Black IVF Babies Born to White Couple
July 8
— By Georgina Prodhan
LONDON (Reuters) - An historic legal battle was brewing in Britain as a newspaper reported on Monday that a white couple had had black twins as the result of a mistake during fertility treatment.
The couple will be at the center of a court case this autumn to decide who should be considered the babies' real parents, in the first reported case of its kind in Britain.
The mix-up involves a black couple also trying for a test-tube baby at the same time, The Sun newspaper reported, quoting a source at the authority which runs the fertility clinic involved.
No confirmation was available from health officials, who instead swiftly circulated a gagging order imposed on them by the High Court.
The injunction also forbade naming the two sets of parents involved or the clinic.
Experts say a mistake could have occurred in one of three ways in the IVF (In Vitro Fertilization) process, which involves fertilizing an egg with sperm before implanting the resulting embryo -- often two or three at a time -- in the woman's womb.
The wrong sperm could have been used to fertilize the right egg, the right sperm could have been used to fertilize the wrong egg, or the embryo implanted in the woman may have been another couple's altogether.
WORST NIGHTMARE
"It's our worst nightmare," said Sonya Jerkovic, in charge of the London Fertility Center's laboratory. "It's something we think about all the time."

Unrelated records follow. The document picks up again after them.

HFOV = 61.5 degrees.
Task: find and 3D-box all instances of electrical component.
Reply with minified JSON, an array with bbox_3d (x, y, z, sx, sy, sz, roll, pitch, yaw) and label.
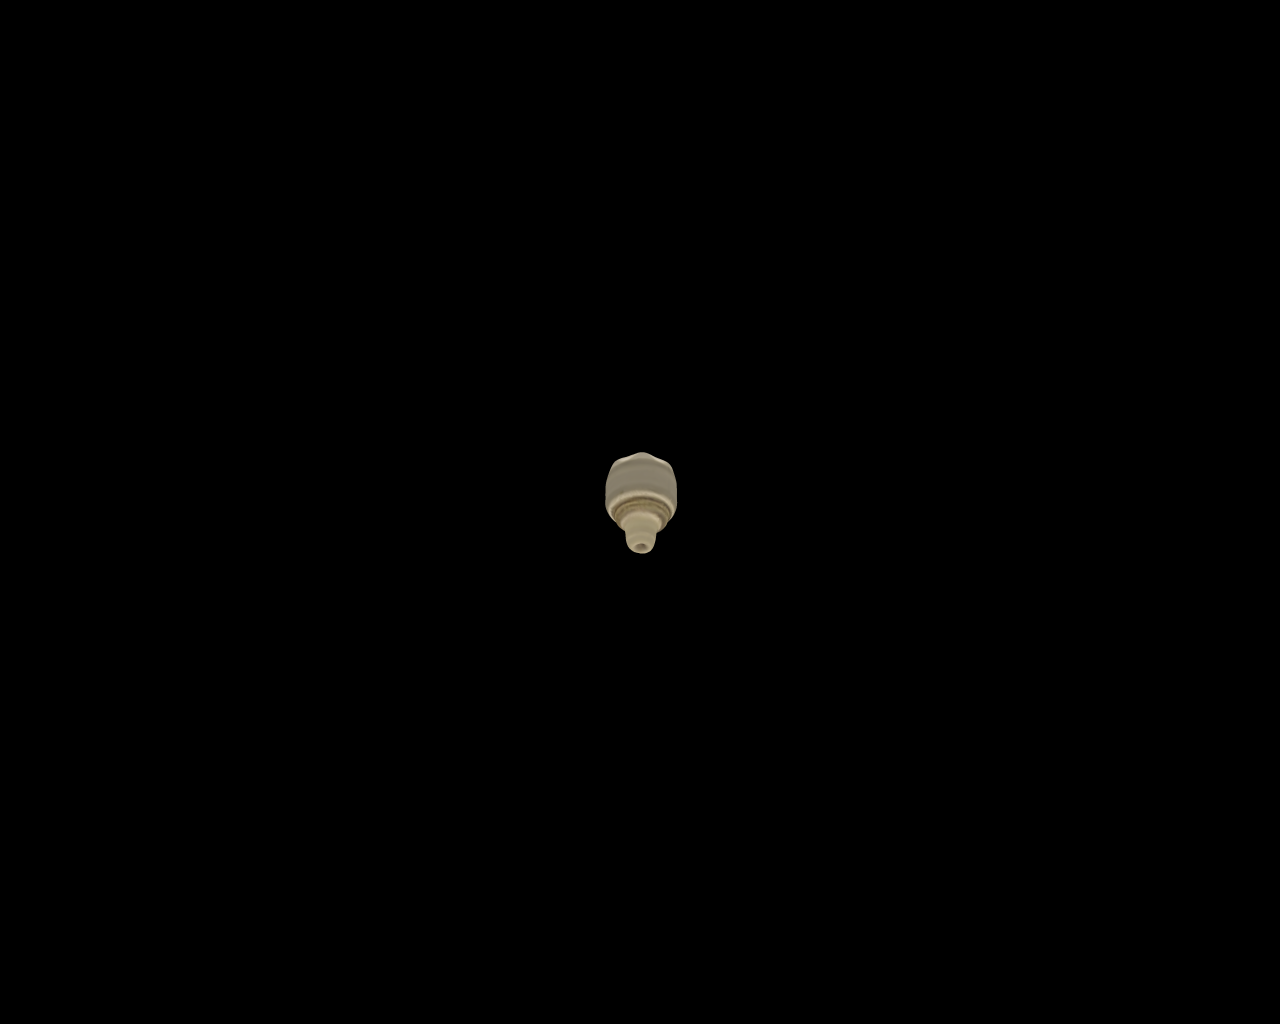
[{"bbox_3d":[0.001,-0.003,0.650,0.043,0.062,0.043,0,-37,0],"label":"electrical component"}]
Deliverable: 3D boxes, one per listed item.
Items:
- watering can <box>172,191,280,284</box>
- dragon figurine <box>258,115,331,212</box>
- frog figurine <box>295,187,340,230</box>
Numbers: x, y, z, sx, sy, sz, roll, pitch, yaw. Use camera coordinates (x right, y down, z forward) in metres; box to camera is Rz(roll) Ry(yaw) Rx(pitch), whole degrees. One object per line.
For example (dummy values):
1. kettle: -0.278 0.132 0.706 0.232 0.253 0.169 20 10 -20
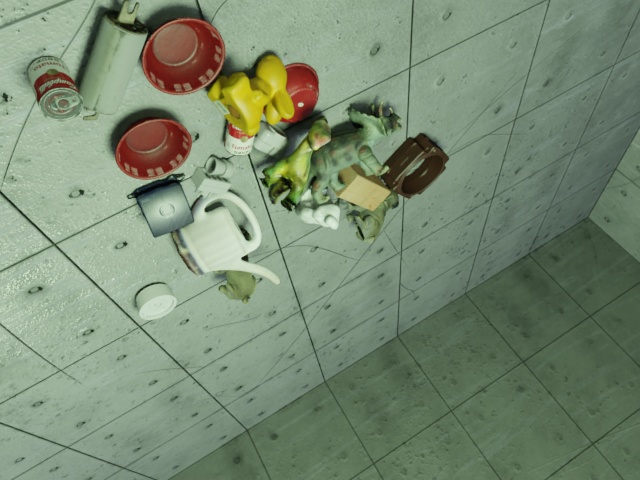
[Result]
1. watering can: -0.255 0.029 1.397 0.225 0.106 0.341 -26 119 -5
2. dragon figurine: -0.045 -0.206 1.316 0.244 0.122 0.409 -54 -171 -7
3. frog figurine: 0.005 -0.077 1.534 0.137 0.162 0.121 12 126 -51

She admitted mistakes could happen, despite checks at her clinic including color-coding of samples and having two technicians present at every stage in the process.

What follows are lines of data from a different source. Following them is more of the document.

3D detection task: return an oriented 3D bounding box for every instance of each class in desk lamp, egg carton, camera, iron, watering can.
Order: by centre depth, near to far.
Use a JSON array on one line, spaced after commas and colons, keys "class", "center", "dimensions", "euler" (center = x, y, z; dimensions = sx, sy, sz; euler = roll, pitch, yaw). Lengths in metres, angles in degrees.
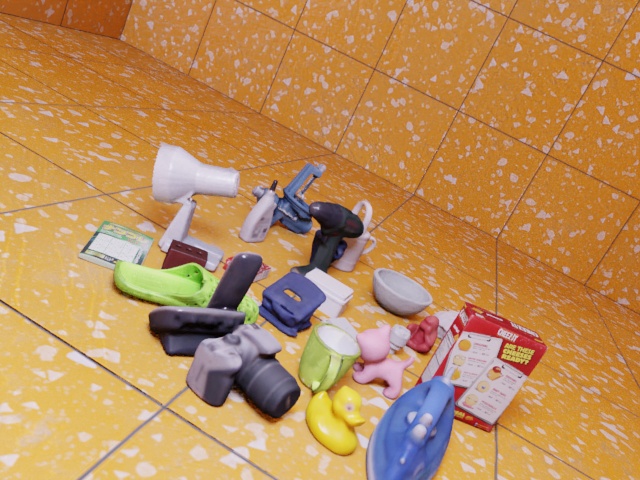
[{"class": "camera", "center": [-0.100, 0.199, 0.863], "dimensions": [0.136, 0.101, 0.144], "euler": [37, 20, 29]}, {"class": "iron", "center": [0.155, 0.292, 0.889], "dimensions": [0.118, 0.141, 0.259], "euler": [31, 18, 14]}, {"class": "desk lamp", "center": [-0.269, -0.075, 1.213], "dimensions": [0.203, 0.213, 0.118], "euler": [24, 18, -7]}, {"class": "egg carton", "center": [0.349, 0.237, 1.433], "dimensions": [0.108, 0.069, 0.149], "euler": [6, 27, -48]}, {"class": "watering can", "center": [0.082, -0.019, 1.577], "dimensions": [0.173, 0.194, 0.100], "euler": [8, 25, -45]}]

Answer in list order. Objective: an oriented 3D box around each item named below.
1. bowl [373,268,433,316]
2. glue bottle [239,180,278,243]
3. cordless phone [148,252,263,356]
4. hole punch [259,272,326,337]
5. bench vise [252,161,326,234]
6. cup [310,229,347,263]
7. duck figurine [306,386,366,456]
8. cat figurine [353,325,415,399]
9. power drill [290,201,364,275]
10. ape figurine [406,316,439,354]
[{"class": "bowl", "center": [0.200, 0.146, 1.473], "dimensions": [0.167, 0.074, 0.167], "euler": [24, 18, -8]}, {"class": "glue bottle", "center": [-0.143, -0.075, 1.455], "dimensions": [0.037, 0.173, 0.078], "euler": [36, 20, 29]}, {"class": "cordless phone", "center": [-0.179, 0.090, 0.921], "dimensions": [0.148, 0.185, 0.093], "euler": [9, 24, -43]}, {"class": "hole punch", "center": [-0.056, 0.126, 1.148], "dimensions": [0.108, 0.091, 0.101], "euler": [34, 19, 22]}, {"class": "bench vise", "center": [-0.077, -0.127, 1.617], "dimensions": [0.208, 0.219, 0.121], "euler": [6, 26, -47]}, {"class": "cup", "center": [0.019, 0.038, 1.490], "dimensions": [0.092, 0.095, 0.117], "euler": [15, 21, -32]}, {"class": "duck figurine", "center": [0.030, 0.265, 0.884], "dimensions": [0.078, 0.086, 0.104], "euler": [9, 24, -43]}, {"class": "cat figurine", "center": [0.115, 0.219, 1.079], "dimensions": [0.128, 0.117, 0.067], "euler": [25, 18, -2]}, {"class": "power drill", "center": [0.013, 0.005, 1.389], "dimensions": [0.075, 0.208, 0.230], "euler": [36, 20, 28]}, {"class": "ape figurine", "center": [0.241, 0.212, 1.315], "dimensions": [0.076, 0.092, 0.077], "euler": [17, 20, -26]}]

"Embryos all look the same," she added.
Although experts insist such mistakes are extremely rare, the case will do little to reassure the tens of thousands of British would-be parents who go through IVF treatment each year.
"It's always there at the back of your mind -- what if they're not mine? What if they've put them on the wrong shelf" said Doriver Lilley, 37, who gave birth to IVF twins after six years of trying to conceive.
"It's just awful that somebody's mistake has made a mess of a lot of lives," she told Reuters. "This has been noticed because the babies were black. What if it had been two white couples?"
Worldwide, there have been only two recorded cases of mistakes in which a mother gave birth to babies of an unexpected race after fertility treatment. In 1999, a black baby was born to a white couple because of an embryo mix-up at a fertility clinic in New York. The couple was ordered to return the boy to the biological parents.
But in Holland a woman who gave birth to twins with different fathers in 1997 after receiving IVF treatment was allowed to keep them. The darker skin tone of Wilma Stuart's son, Koen, led to tests that proved that her husband was not the father; his sperm sample had been contaminated.